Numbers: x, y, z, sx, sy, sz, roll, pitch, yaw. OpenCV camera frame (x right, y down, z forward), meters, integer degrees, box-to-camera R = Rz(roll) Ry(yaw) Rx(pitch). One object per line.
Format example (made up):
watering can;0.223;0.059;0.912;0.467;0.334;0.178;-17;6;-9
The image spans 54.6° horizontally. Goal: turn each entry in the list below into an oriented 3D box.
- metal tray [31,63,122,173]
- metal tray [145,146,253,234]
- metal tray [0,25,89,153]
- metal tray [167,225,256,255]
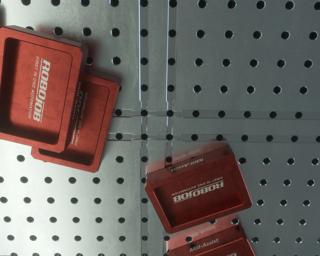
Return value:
metal tray;-0.110;-0.013;0.405;0.090;0.030;0.129;15;109;-6
metal tray;0.055;0.090;0.444;0.130;0.030;0.090;-21;109;7
metal tray;-0.142;-0.043;0.361;0.090;0.030;0.129;14;109;-5
metal tray;0.087;0.218;0.491;0.130;0.030;0.090;-24;109;8
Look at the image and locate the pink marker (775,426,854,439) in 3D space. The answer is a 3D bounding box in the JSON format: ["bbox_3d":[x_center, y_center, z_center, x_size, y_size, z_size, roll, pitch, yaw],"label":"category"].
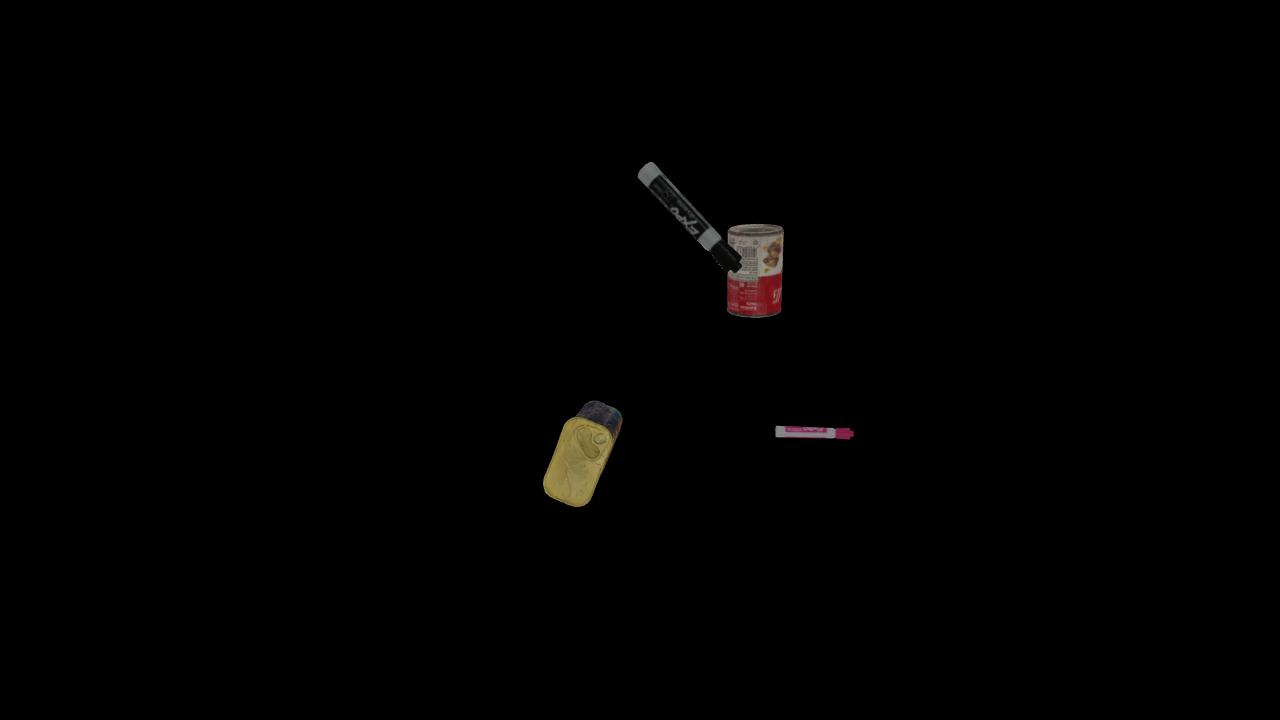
[{"bbox_3d":[0.279,0.117,0.986,0.121,0.020,0.020,1,0,9],"label":"pink marker"}]

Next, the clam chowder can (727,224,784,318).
[{"bbox_3d":[0.139,-0.110,0.749,0.068,0.102,0.068,-3,21,1],"label":"clam chowder can"}]

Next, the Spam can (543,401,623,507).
[{"bbox_3d":[-0.063,0.104,0.710,0.058,0.101,0.085,23,12,2],"label":"Spam can"}]

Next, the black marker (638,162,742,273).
[{"bbox_3d":[0.044,-0.121,0.527,0.020,0.121,0.020,-40,-9,-7],"label":"black marker"}]
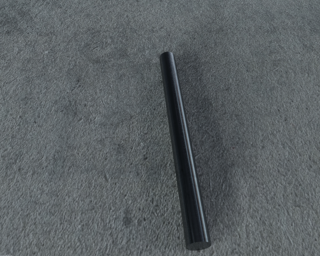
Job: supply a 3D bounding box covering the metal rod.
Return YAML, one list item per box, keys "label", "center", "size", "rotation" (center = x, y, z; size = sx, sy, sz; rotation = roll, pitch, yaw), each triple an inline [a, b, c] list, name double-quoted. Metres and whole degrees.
- label: "metal rod"
  center: [0.025, 0.002, 0.401]
  size: [0.025, 0.025, 0.300]
  rotation: [-4, 50, -3]
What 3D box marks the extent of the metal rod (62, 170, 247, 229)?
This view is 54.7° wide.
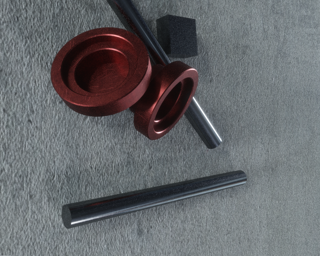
[{"bbox_3d":[0.018,0.088,0.419,0.302,0.025,0.025,-2,92,-40],"label":"metal rod"}]

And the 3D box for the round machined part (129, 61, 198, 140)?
[{"bbox_3d":[0.000,-0.037,0.373,0.098,0.042,0.098,-46,159,-24],"label":"round machined part"}]

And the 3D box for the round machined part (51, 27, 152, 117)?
[{"bbox_3d":[-0.057,-0.054,0.322,0.098,0.098,0.042,-62,162,-22],"label":"round machined part"}]

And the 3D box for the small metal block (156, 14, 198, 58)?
[{"bbox_3d":[0.024,-0.124,0.424,0.050,0.025,0.050,-8,95,-40],"label":"small metal block"}]

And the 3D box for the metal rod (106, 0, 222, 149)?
[{"bbox_3d":[0.002,-0.084,0.405,0.025,0.025,0.300,-52,120,-27],"label":"metal rod"}]
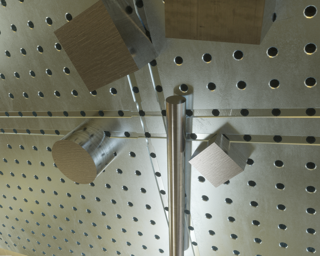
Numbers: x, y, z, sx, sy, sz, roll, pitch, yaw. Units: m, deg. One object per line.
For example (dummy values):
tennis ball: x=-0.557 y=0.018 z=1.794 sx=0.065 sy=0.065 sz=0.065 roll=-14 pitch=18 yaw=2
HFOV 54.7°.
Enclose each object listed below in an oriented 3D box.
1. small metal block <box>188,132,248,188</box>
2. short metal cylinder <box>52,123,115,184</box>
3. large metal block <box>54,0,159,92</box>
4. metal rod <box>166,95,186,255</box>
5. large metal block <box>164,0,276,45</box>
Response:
small metal block: x=0.074 y=0.042 z=0.397 sx=0.050 sy=0.025 sz=0.050 roll=44 pitch=129 yaw=-3
short metal cylinder: x=-0.118 y=0.040 z=0.480 sx=0.080 sy=0.050 sz=0.079 roll=13 pitch=124 yaw=20
large metal block: x=-0.062 y=-0.099 z=0.365 sx=0.080 sy=0.050 sz=0.080 roll=-17 pitch=110 yaw=34
metal rod: x=0.024 y=0.093 z=0.454 sx=0.025 sy=0.025 sz=0.298 roll=12 pitch=123 yaw=21
large metal block: x=0.057 y=-0.113 z=0.275 sx=0.080 sy=0.080 sz=0.050 roll=11 pitch=123 yaw=22
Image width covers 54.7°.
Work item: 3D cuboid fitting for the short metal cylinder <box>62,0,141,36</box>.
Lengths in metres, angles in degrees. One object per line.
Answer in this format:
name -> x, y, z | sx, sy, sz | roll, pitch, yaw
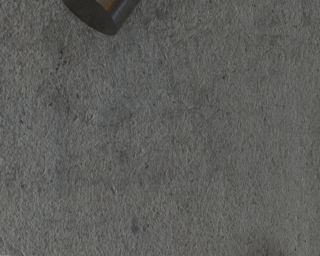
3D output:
short metal cylinder -> -0.069, -0.153, 0.354 | 0.080, 0.080, 0.050 | 36, 79, -17
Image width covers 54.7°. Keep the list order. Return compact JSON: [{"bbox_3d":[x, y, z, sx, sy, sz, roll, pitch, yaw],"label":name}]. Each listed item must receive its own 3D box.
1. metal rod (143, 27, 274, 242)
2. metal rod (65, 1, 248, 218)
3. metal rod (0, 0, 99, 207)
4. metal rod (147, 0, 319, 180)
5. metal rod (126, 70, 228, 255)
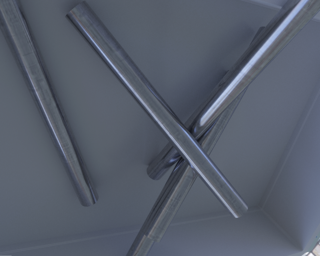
[{"bbox_3d":[0.064,0.006,0.393,0.025,0.025,0.299,32,87,-38],"label":"metal rod"},{"bbox_3d":[0.010,-0.005,0.345,0.025,0.025,0.300,-40,109,-1],"label":"metal rod"},{"bbox_3d":[-0.118,-0.024,0.329,0.025,0.025,0.298,-22,127,-15],"label":"metal rod"},{"bbox_3d":[0.058,-0.022,0.344,0.025,0.025,0.298,4,143,-30],"label":"metal rod"},{"bbox_3d":[0.031,0.058,0.417,0.025,0.025,0.299,30,88,-38],"label":"metal rod"}]
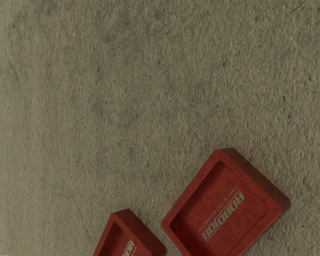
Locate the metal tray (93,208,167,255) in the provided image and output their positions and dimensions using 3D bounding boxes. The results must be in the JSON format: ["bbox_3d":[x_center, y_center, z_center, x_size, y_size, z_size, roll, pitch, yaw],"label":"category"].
[{"bbox_3d":[-0.053,0.195,0.445,0.090,0.030,0.129,37,113,33],"label":"metal tray"}]

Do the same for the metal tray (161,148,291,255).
[{"bbox_3d":[0.066,0.097,0.346,0.090,0.030,0.129,46,118,30],"label":"metal tray"}]
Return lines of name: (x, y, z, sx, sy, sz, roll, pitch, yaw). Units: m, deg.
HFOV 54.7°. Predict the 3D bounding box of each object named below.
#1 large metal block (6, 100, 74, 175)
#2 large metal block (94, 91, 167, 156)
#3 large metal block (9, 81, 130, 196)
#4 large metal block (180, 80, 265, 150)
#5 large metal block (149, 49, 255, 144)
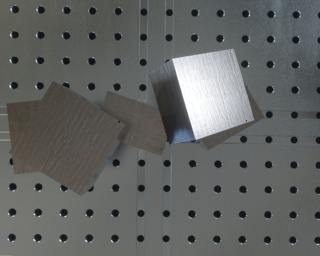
large metal block: (-0.141, 0.009, 0.384, 0.050, 0.080, 0.079, -6, 90, 0)
large metal block: (-0.029, -0.005, 0.385, 0.080, 0.080, 0.050, 19, 90, -1)
large metal block: (-0.088, 0.010, 0.319, 0.080, 0.050, 0.080, 31, 90, 0)
large metal block: (0.073, -0.027, 0.402, 0.080, 0.050, 0.080, -30, 90, 0)
large metal block: (0.045, -0.034, 0.333, 0.081, 0.050, 0.080, -16, 91, -29)
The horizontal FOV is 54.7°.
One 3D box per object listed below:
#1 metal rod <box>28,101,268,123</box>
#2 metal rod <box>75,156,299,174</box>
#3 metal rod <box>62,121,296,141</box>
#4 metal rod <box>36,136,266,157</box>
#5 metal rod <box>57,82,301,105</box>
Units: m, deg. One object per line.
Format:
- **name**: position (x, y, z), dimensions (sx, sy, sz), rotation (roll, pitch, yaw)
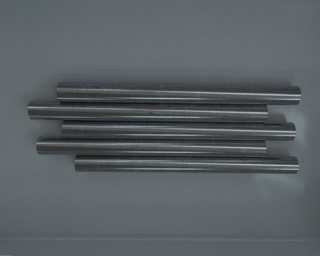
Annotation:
- **metal rod**: position (-0.014, -0.021, 0.402), dimensions (0.302, 0.025, 0.025), rotation (1, 110, -1)
- **metal rod**: position (0.037, 0.050, 0.429), dimensions (0.302, 0.025, 0.025), rotation (1, 110, -1)
- **metal rod**: position (0.025, 0.003, 0.411), dimensions (0.302, 0.025, 0.025), rotation (1, 110, -1)
- **metal rod**: position (-0.010, 0.025, 0.419), dimensions (0.302, 0.025, 0.025), rotation (1, 110, -1)
- **metal rod**: position (0.024, -0.043, 0.394), dimensions (0.302, 0.025, 0.025), rotation (1, 110, -1)
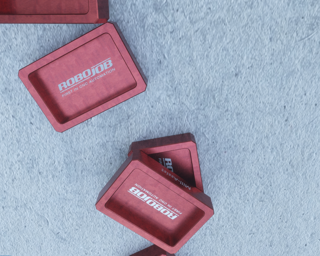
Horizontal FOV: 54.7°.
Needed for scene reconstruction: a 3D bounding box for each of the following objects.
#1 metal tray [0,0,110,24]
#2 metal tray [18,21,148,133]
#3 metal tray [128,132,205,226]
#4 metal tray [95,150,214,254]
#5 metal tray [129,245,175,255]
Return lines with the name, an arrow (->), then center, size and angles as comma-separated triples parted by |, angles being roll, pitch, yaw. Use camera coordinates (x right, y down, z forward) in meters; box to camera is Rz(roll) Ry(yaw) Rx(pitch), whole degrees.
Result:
metal tray -> -0.123, -0.159, 0.330 | 0.131, 0.030, 0.089 | 5, 111, 13
metal tray -> -0.092, -0.061, 0.383 | 0.130, 0.030, 0.090 | -26, 108, 9
metal tray -> 0.013, 0.077, 0.435 | 0.090, 0.030, 0.129 | -10, 110, 3
metal tray -> -0.006, 0.100, 0.410 | 0.130, 0.030, 0.090 | 35, 106, -12
metal tray -> -0.001, 0.254, 0.501 | 0.090, 0.030, 0.130 | -28, 108, 9
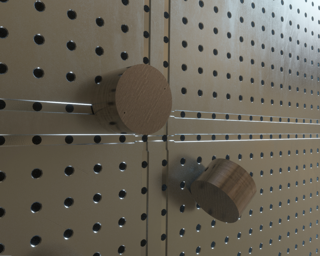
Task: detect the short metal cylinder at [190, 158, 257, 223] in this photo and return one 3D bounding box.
[{"bbox_3d":[0.092,0.091,0.454,0.050,0.080,0.080,-42,116,-32],"label":"short metal cylinder"}]

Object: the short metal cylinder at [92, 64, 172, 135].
[{"bbox_3d":[-0.032,-0.032,0.368,0.081,0.050,0.079,0,90,-41],"label":"short metal cylinder"}]
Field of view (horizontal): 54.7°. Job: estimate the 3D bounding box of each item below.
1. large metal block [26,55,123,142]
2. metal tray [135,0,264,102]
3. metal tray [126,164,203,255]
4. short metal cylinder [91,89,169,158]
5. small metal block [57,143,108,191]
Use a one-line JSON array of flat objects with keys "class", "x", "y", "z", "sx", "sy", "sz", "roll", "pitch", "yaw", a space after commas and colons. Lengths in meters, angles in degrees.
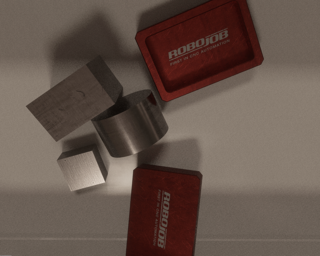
[{"class": "large metal block", "x": -0.096, "y": -0.038, "z": 0.367, "sx": 0.080, "sy": 0.080, "sz": 0.050, "roll": -32, "pitch": 107, "yaw": 11}, {"class": "metal tray", "x": 0.047, "y": -0.097, "z": 0.373, "sx": 0.130, "sy": 0.030, "sz": 0.090, "roll": -21, "pitch": 109, "yaw": 7}, {"class": "metal tray", "x": 0.006, "y": 0.120, "z": 0.423, "sx": 0.090, "sy": 0.030, "sz": 0.129, "roll": 6, "pitch": 94, "yaw": 13}, {"class": "short metal cylinder", "x": -0.037, "y": -0.007, "z": 0.379, "sx": 0.080, "sy": 0.080, "sz": 0.050, "roll": -22, "pitch": 109, "yaw": 8}, {"class": "small metal block", "x": -0.106, "y": 0.055, "z": 0.430, "sx": 0.050, "sy": 0.025, "sz": 0.050, "roll": -16, "pitch": 110, "yaw": 5}]
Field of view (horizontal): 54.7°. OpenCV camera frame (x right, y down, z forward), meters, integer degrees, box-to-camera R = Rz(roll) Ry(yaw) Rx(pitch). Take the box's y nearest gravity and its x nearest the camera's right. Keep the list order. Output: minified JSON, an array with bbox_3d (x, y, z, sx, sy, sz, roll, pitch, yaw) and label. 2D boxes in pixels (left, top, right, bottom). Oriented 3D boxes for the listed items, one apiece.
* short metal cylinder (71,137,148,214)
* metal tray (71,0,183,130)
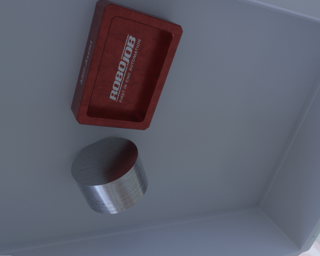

● ● ● ● ● ● ●

__Goal of the exercise__
Would you write out exactly the lines above, starting at the line containing "Job: supply a" and stopping after the line containing "yaw. Units: m, deg. One object per line."? Omit the pictures.

__Output__
Job: supply a 3D bounding box covering the metal rod.
Return YAML, one list item per box, keys "label", "center", "size", "rotation" (center = x, y, z; size = sx, sy, sz; rotation = roll, pitch, yaw), each triple an inline [a, b, c] list, name double-quoted. Metres and whole degrees.
- label: "metal rod"
  center: [0.025, 0.002, 0.401]
  size: [0.025, 0.025, 0.300]
  rotation: [-4, 50, -3]
What 3D box marks the extent of the metal rod (62, 170, 247, 229)?
This view is 54.7° wide.
[{"bbox_3d":[0.018,0.088,0.419,0.302,0.025,0.025,-2,92,-40],"label":"metal rod"}]

And the 3D box for the round machined part (129, 61, 198, 140)?
[{"bbox_3d":[0.000,-0.037,0.373,0.098,0.042,0.098,-46,159,-24],"label":"round machined part"}]

And the 3D box for the round machined part (51, 27, 152, 117)?
[{"bbox_3d":[-0.057,-0.054,0.322,0.098,0.098,0.042,-62,162,-22],"label":"round machined part"}]

And the 3D box for the small metal block (156, 14, 198, 58)?
[{"bbox_3d":[0.024,-0.124,0.424,0.050,0.025,0.050,-8,95,-40],"label":"small metal block"}]

And the 3D box for the metal rod (106, 0, 222, 149)?
[{"bbox_3d":[0.002,-0.084,0.405,0.025,0.025,0.300,-52,120,-27],"label":"metal rod"}]
Numbers: x, y, z, sx, sy, sz, roll, pitch, yaw. Units: m, deg. One object per line.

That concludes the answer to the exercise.